Beefy Boxes and Bandwidth Generously Provided by pair Networks
Perl-Sensitive Sunglasses
 
PerlMonks  

Shared Memory Cache or Database?

by zapoi (Novice)
on Dec 07, 2020 at 15:35 UTC ( #11124778=perlquestion: print w/replies, xml ) Need Help??

zapoi has asked for the wisdom of the Perl Monks concerning the following question:

Hi,

I'm designing a algorithmic trading app and would appreciate any wisdom that you would be so kind as to bless upon me.

I started with the following design:

main program, using IPC::Shareable create and tie %cache.

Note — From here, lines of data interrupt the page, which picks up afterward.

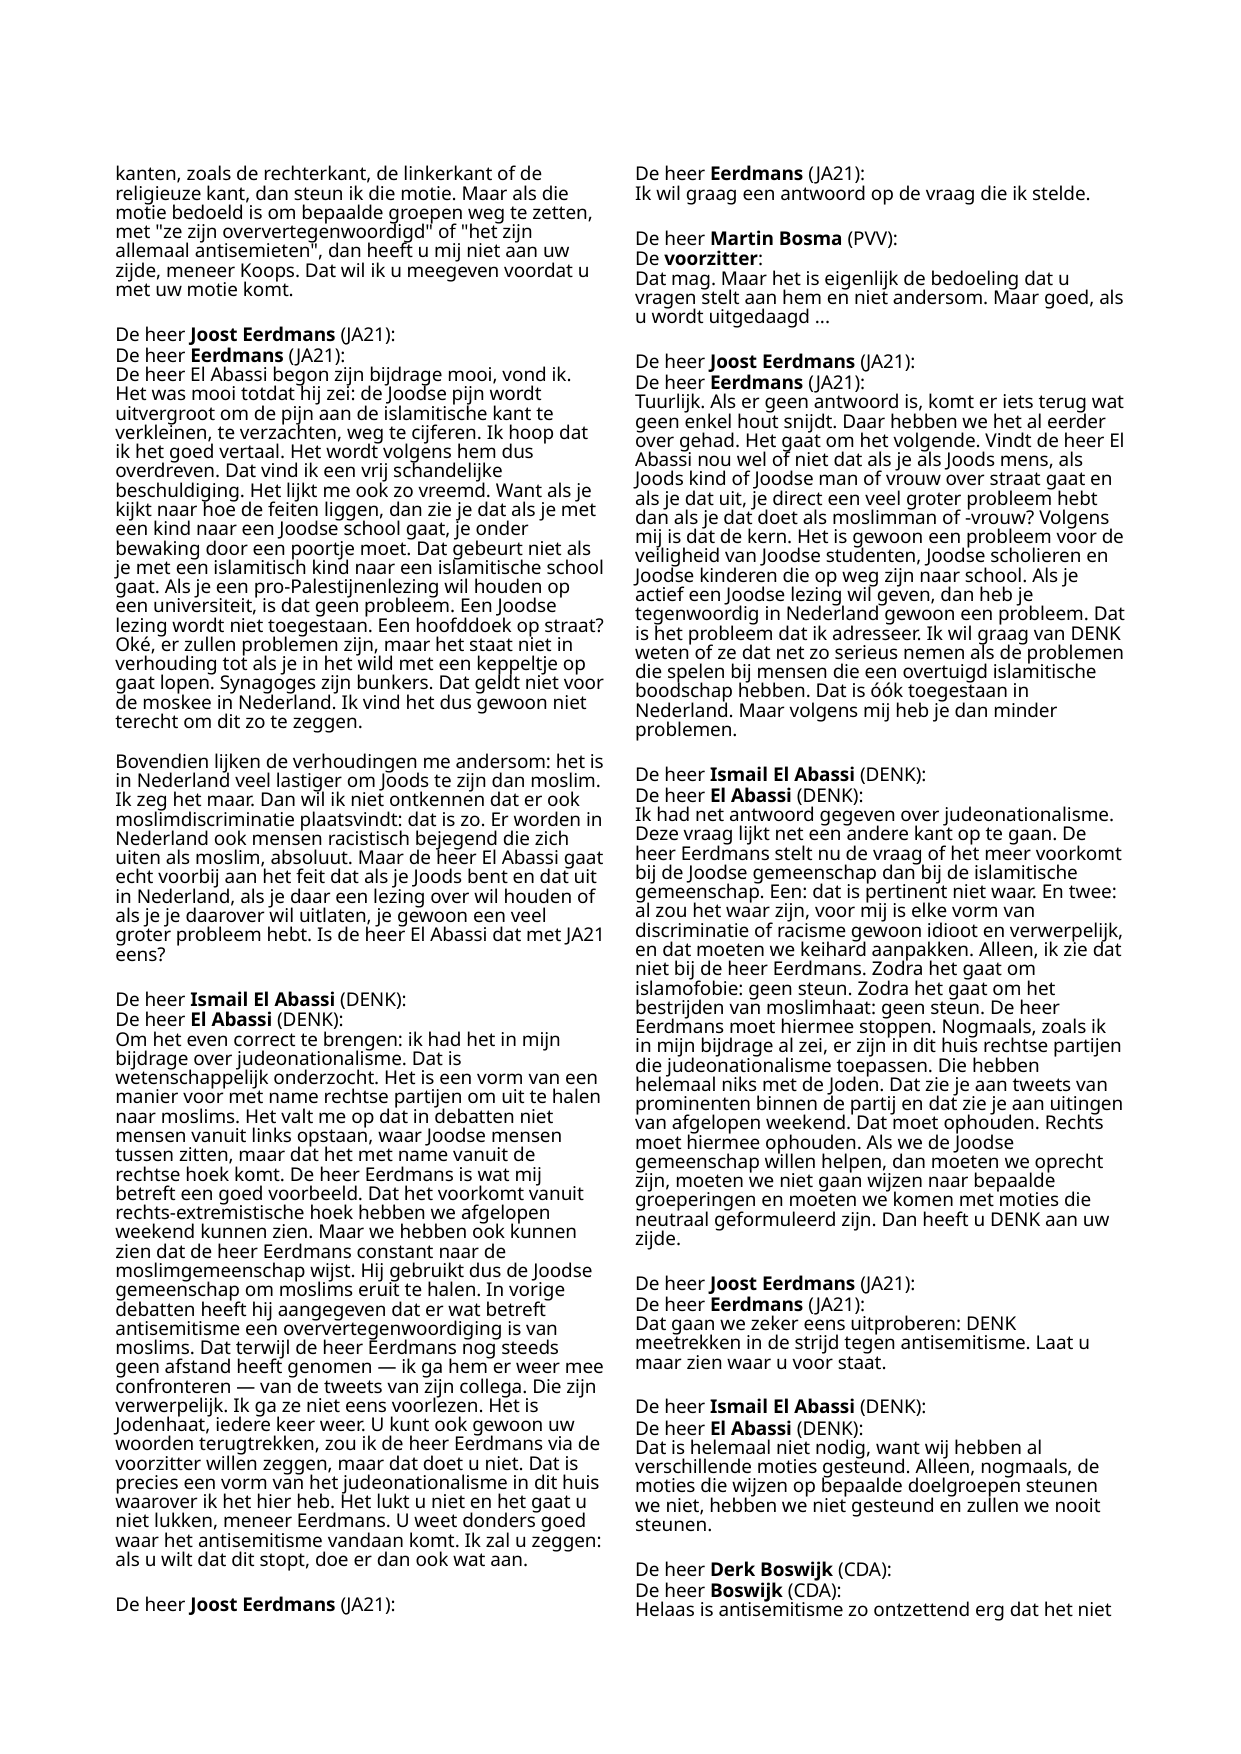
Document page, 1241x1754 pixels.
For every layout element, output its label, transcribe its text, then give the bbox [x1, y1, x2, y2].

text De heer Joost Eerdmans (JA21): [635, 348, 1125, 374]
text kanten, zoals de rechterkant, de linkerkant of de religieuze kant, dan steun ik die motie. Maar als die motie bedoeld is om bepaalde groepen weg te zetten, met "ze zijn oververtegenwoordigd" of "het zijn allemaal antisemieten", dan heeft u mij niet aan uw zijde, meneer Koops. Dat wil ik u meegeven voordat u met uw motie komt. [115, 165, 605, 300]
text De heer Eerdmans (JA21): [635, 1296, 1125, 1315]
text De heer Eerdmans (JA21): [115, 347, 605, 366]
text Om het even correct te brengen: ik had het in mijn bijdrage over judeonationalisme. Dat is wetenschappelijk onderzocht. Het is een vorm van een manier voor met name rechtse partijen om uit te halen naar moslims. Het valt me op dat in debatten niet mensen vanuit links opstaan, waar Joodse mensen tussen zitten, maar dat het met name vanuit de rechtse hoek komt. De heer Eerdmans is wat mij betreft een goed voorbeeld. Dat het voorkomt vanuit rechts-extremistische hoek hebben we afgelopen weekend kunnen zien. Maar we hebben ook kunnen zien dat de heer Eerdmans constant naar de moslimgemeenschap wijst. Hij gebruikt dus de Joodse gemeenschap om moslims eruit te halen. In vorige debatten heeft hij aangegeven dat er wat betreft antisemitisme een oververtegenwoordiging is van moslims. Dat terwijl de heer Eerdmans nog steeds geen afstand heeft genomen — ik ga hem er weer mee confronteren — van de tweets van zijn collega. Die zijn verwerpelijk. Ik ga ze niet eens voorlezen. Het is Jodenhaat, iedere keer weer. U kunt ook gewoon uw woorden terugtrekken, zou ik de heer Eerdmans via de voorzitter willen zeggen, maar dat doet u niet. Dat is precies een vorm van het judeonationalisme in dit huis waarover ik het hier heb. Het lukt u niet en het gaat u niet lukken, meneer Eerdmans. U weet donders goed waar het antisemitisme vandaan komt. Ik zal u zeggen: als u wilt dat dit stopt, doe er dan ook wat aan. [115, 1031, 605, 1570]
text Tuurlijk. Als er geen antwoord is, komt er iets terug wat geen enkel hout snijdt. Daar hebben we het al eerder over gehad. Het gaat om het volgende. Vindt de heer El Abassi nou wel of niet dat als je als Joods mens, als Joods kind of Joodse man of vrouw over straat gaat en als je dat uit, je direct een veel groter probleem hebt dan als je dat doet als moslimman of -vrouw? Volgens mij is dat de kern. Het is gewoon een probleem voor de veiligheid van Joodse studenten, Joodse scholieren en Joodse kinderen die op weg zijn naar school. Als je actief een Joodse lezing wil geven, dan heb je tegenwoordig in Nederland gewoon een probleem. Dat is het probleem dat ik adresseer. Ik wil graag van DENK weten of ze dat net zo serieus nemen als de problemen die spelen bij mensen die een overtuigd islamitische boodschap hebben. Dat is óók toegestaan in Nederland. Maar volgens mij heb je dan minder problemen. [635, 393, 1125, 740]
text Dat mag. Maar het is eigenlijk de bedoeling dat u vragen stelt aan hem en niet andersom. Maar goed, als u wordt uitgedaagd ... [635, 270, 1125, 327]
text De heer El Abassi begon zijn bijdrage mooi, vond ik. Het was mooi totdat hij zei: de Joodse pijn wordt uitvergroot om de pijn aan de islamitische kant te verkleinen, te verzachten, weg te cijferen. Ik hoop dat ik het goed vertaal. Het wordt volgens hem dus overdreven. Dat vind ik een vrij schandelijke beschuldiging. Het lijkt me ook zo vreemd. Want als je kijkt naar hoe de feiten liggen, dan zie je dat als je met een kind naar een Joodse school gaat, je onder bewaking door een poortje moet. Dat gebeurt niet als je met een islamitisch kind naar een islamitische school gaat. Als je een pro-Palestijnenlezing wil houden op een universiteit, is dat geen probleem. Een Joodse lezing wordt niet toegestaan. Een hoofddoek op straat? Oké, er zullen problemen zijn, maar het staat niet in verhouding tot als je in het wild met een keppeltje op gaat lopen. Synagoges zijn bunkers. Dat geldt niet voor de moskee in Nederland. Ik vind het dus gewoon niet terecht om dit zo te zeggen. [115, 366, 605, 732]
text De heer El Abassi (DENK): [635, 787, 1125, 806]
text De voorzitter: [635, 250, 1125, 270]
text Bovendien lijken de verhoudingen me andersom: het is in Nederland veel lastiger om Joods te zijn dan moslim. Ik zeg het maar. Dan wil ik niet ontkennen dat er ook moslimdiscriminatie plaatsvindt: dat is zo. Er worden in Nederland ook mensen racistisch bejegend die zich uiten als moslim, absoluut. Maar de heer El Abassi gaat echt voorbij aan het feit dat als je Joods bent en dat uit in Nederland, als je daar een lezing over wil houden of als je je daarover wil uitlaten, je gewoon een veel groter probleem hebt. Is de heer El Abassi dat met JA21 eens? [115, 753, 605, 965]
text Ik wil graag een antwoord op de vraag die ik stelde. [635, 184, 1125, 204]
text De heer Martin Bosma (PVV): [635, 225, 1125, 250]
text De heer Ismail El Abassi (DENK): [635, 761, 1125, 787]
text De heer Boswijk (CDA): [635, 1582, 1125, 1601]
text De heer Eerdmans (JA21): [635, 165, 1125, 184]
text Helaas is antisemitisme zo ontzettend erg dat het niet [635, 1601, 1125, 1620]
text De heer Derk Boswijk (CDA): [635, 1556, 1125, 1582]
text De heer El Abassi (DENK): [635, 1419, 1125, 1439]
text Ik had net antwoord gegeven over judeonationalisme. Deze vraag lijkt net een andere kant op te gaan. De heer Eerdmans stelt nu de vraag of het meer voorkomt bij de Joodse gemeenschap dan bij de islamitische gemeenschap. Een: dat is pertinent niet waar. En twee: al zou het waar zijn, voor mij is elke vorm van discriminatie of racisme gewoon idioot en verwerpelijk, en dat moeten we keihard aanpakken. Alleen, ik zie dat niet bij de heer Eerdmans. Zodra het gaat om islamofobie: geen steun. Zodra het gaat om het bestrijden van moslimhaat: geen steun. De heer Eerdmans moet hiermee stoppen. Nogmaals, zoals ik in mijn bijdrage al zei, er zijn in dit huis rechtse partijen die judeonationalisme toepassen. Die hebben helemaal niks met de Joden. Dat zie je aan tweets van prominenten binnen de partij en dat zie je aan uitingen van afgelopen weekend. Dat moet ophouden. Rechts moet hiermee ophouden. Als we de Joodse gemeenschap willen helpen, dan moeten we oprecht zijn, moeten we niet gaan wijzen naar bepaalde groeperingen en moeten we komen met moties die neutraal geformuleerd zijn. Dan heeft u DENK aan uw zijde. [635, 806, 1125, 1249]
text De heer Ismail El Abassi (DENK): [635, 1394, 1125, 1419]
text De heer Ismail El Abassi (DENK): [115, 986, 605, 1011]
text De heer Joost Eerdmans (JA21): [115, 321, 605, 347]
text Dat gaan we zeker eens uitproberen: DENK meetrekken in de strijd tegen antisemitisme. Laat u maar zien waar u voor staat. [635, 1315, 1125, 1373]
text Dat is helemaal niet nodig, want wij hebben al verschillende moties gesteund. Alleen, nogmaals, de moties die wijzen op bepaalde doelgroepen steunen we niet, hebben we niet gesteund en zullen we nooit steunen. [635, 1439, 1125, 1535]
text De heer El Abassi (DENK): [115, 1011, 605, 1031]
text De heer Joost Eerdmans (JA21): [635, 1270, 1125, 1296]
text De heer Joost Eerdmans (JA21): [115, 1591, 605, 1617]
text De heer Eerdmans (JA21): [635, 374, 1125, 393]

Run a sub dataCollector in a new fork, which loops every 0.1s incrementing $i, and then adds the data to a hash giving a {$marketId}{$i}{$broker}{price}. Each time a new set of data is published send a SIGUSR1 to the other processors to alert them that they have new work to do. Once a market is out of it's window of interest approximately 30 minutes later delete $cache{marketId}. Each 0.1s loop yields about 6k of data, and there may be upto 8 markets that are of interest simultaneously to total memory requirement is about 420Mb.

Main program will call subs for each strategy, which will fork and return the forked pid to to main. The strategy workers will receive their interrupts and handle them by reading the shared memory, do various computations to decide if the conditions are good to trade or not.

The dataCollector is the only process that would need to write to the cache, and each worker would be triggered simultaneously and be reading the same piece of memory. Another worker task will be writing the data out to file for back testing strategies, however if data is lost it's not an issue.

Hope that makes sense in what my objective is. What I would appreciate your wisdom on is:

1. IPC::Shareable doesn't seem to handle deeply nested hash refs very well and probably therefore isn't the right choice. Is there an alternative that I should consider?

2. Most of my reading has pointed me towards using an in-memory database. In your experience which free database would give me the fasted throughput in this scenario?

Please turn your flame throwers up to max and burn this down, and help me get to the right foundations.

Thanks

Zapoi

Replies are listed 'Best First'.
Re: Shared Memory Cache or Database?
by 1nickt (Canon) on Dec 07, 2020 at 15:54 UTC

    Hi, for shared data structures I use MCE::Shared. Maybe MCE::Shared::MiniDB would be the best tool for you?

    Hope this helps!


    The way forward always starts with a minimal test.
      Thanks 1nickt- It certainly looks like it could be what I was looking for.

      I'll do some reading and experimenting.

Re: Shared Memory Cache or Database?
by Corion (Patriarch) on Dec 07, 2020 at 16:15 UTC

    Assuming that you plan to run all of this on a single machine, another interesting approach could be to just use shared memory among all processes and to do away with using Perl memory structures and instead use a fixed memory layout.

    This makes some assumptions about the number of assets, markets and brokers, but basically imagine a (large) string indexed by fixed offsets where you write the (packed) prices to.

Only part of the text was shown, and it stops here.